Brother Domenico Giorgini, a brother who has been faithful in the service for over 40 years and is still serving as an elder in a congregation in the province of Teramo, relates: “It was October 6, 1939. While we were in the vineyard gathering the grape harvest I saw a truck with two carabiniere officers pull up before my house. They took me back to Teramo prison, and there I stayed for five months. Then I was sentenced to three years’ exile on the island of Ventotene. There I found myself in company with five other brothers and about 600 political prisoners. In this latter group there were a number of well-known political personalities, including a man who later became president of the Republic, and I had the privilege of witnessing to them about God’s kingdom. Since the Fascist government considered many of these political prisoners particularly dangerous, the island was kept under strict surveillance. It was patrolled by a motor launch armed with a machine gun ready to open fire on anyone trying to escape.”

Sisters In Prison
Sister Mariantonia Di Censo, sentenced to 11 years’ imprisonment by the Special Tribunal, narrates: “I shall never forget the words of the examining magistrate. He said: ‘I have read their literature to find out what it was all about and I have questioned the 26 accused. They are all coherent with their beliefs and ready to accuse themselves to save their companions. The situation is not so serious as it was thought to be. The clergy have made too much fuss over the matter.’”
Sister Di Censo served her sentence at Perugia. Another sister imprisoned at Perugia was Albina Cuminetti, who died faithful to the heavenly calling in 1962. In a written account we are told: “Once another prisoner asked Albina what she had done. Albina replied, ‘I haven’t done anything. We are in here because we refuse to kill our fellowman.’
“‘What!’ the woman exclaimed, ‘You are in here because you refuse to kill? How many years have they given you?’
“‘Eleven,’ replied Sister Cuminetti.
“At this the other cried: ‘What next? They have given you 11 years for refusing to kill your fellowman, and yet they have given me 10 years for killing my husband. That’s the limit. Either I am crazy or they are!’”
“One day,” the account adds, “Albina had the opportunity of witnessing to the prison governor in the presence of a nun charged with the surveillance of the prisoners.”
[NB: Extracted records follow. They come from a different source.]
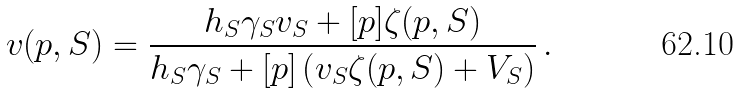<formula> <loc_0><loc_0><loc_500><loc_500>v ( p , S ) = \frac { h _ { S } \gamma _ { S } v _ { S } + [ p ] \zeta ( p , S ) } { h _ { S } \gamma _ { S } + [ p ] \left ( v _ { S } \zeta ( p , S ) + V _ { S } \right ) } \, .</formula> 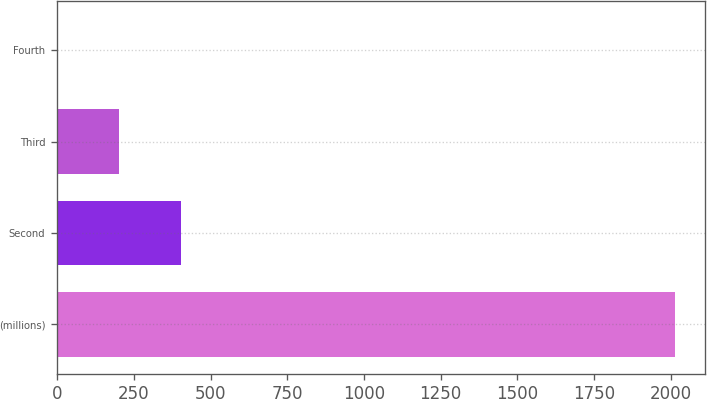Convert chart to OTSL. <chart><loc_0><loc_0><loc_500><loc_500><bar_chart><fcel>(millions)<fcel>Second<fcel>Third<fcel>Fourth<nl><fcel>2012<fcel>402.47<fcel>201.28<fcel>0.09<nl></chart> 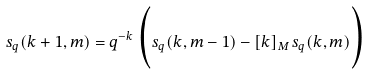<formula> <loc_0><loc_0><loc_500><loc_500>s _ { q } ( k + 1 , m ) = q ^ { - k } \, \Big { ( } s _ { q } ( k , m - 1 ) - [ k ] _ { M } \, s _ { q } ( k , m ) \Big { ) }</formula>

Letters From The Prison Governor
In 1953, when Sister Cuminetti and the other three sisters with whom she had been in prison met at an assembly, they wrote a letter to the prison governor at Perugia. In the meantime he had been transferred to Alessandria, but he eventually received the letter and sent back this significant reply dated January 28, 1954:

“Dear Madam,
“Thank you for the kind things you said about me in your letter. You had all been sentenced for an nonexistent crime and I am very happy to know that, in the very city where you were brought for trial, Rome, you have been able to meet together again, this time to sing the praises of your God Jehovah at your assembly.
“If you have the occasion to see or correspond with the other ladies who suffered so much for the God in whom they believed and continue to believe, please remember me to them. I shall always remember you and admire your faith and strength of character.
“Thanking you for the book you sent me, I remain,

Dr. Antonio Paolorosso,
Governor in Chief of the Alessandria Penal Establishments”


“The tested quality of your faith,” wrote the apostle Peter, is, “of much greater value than gold.” (1 Peter 1:7) The brothers who maintained their integrity under persecution recognize that these difficulties served to strengthen them.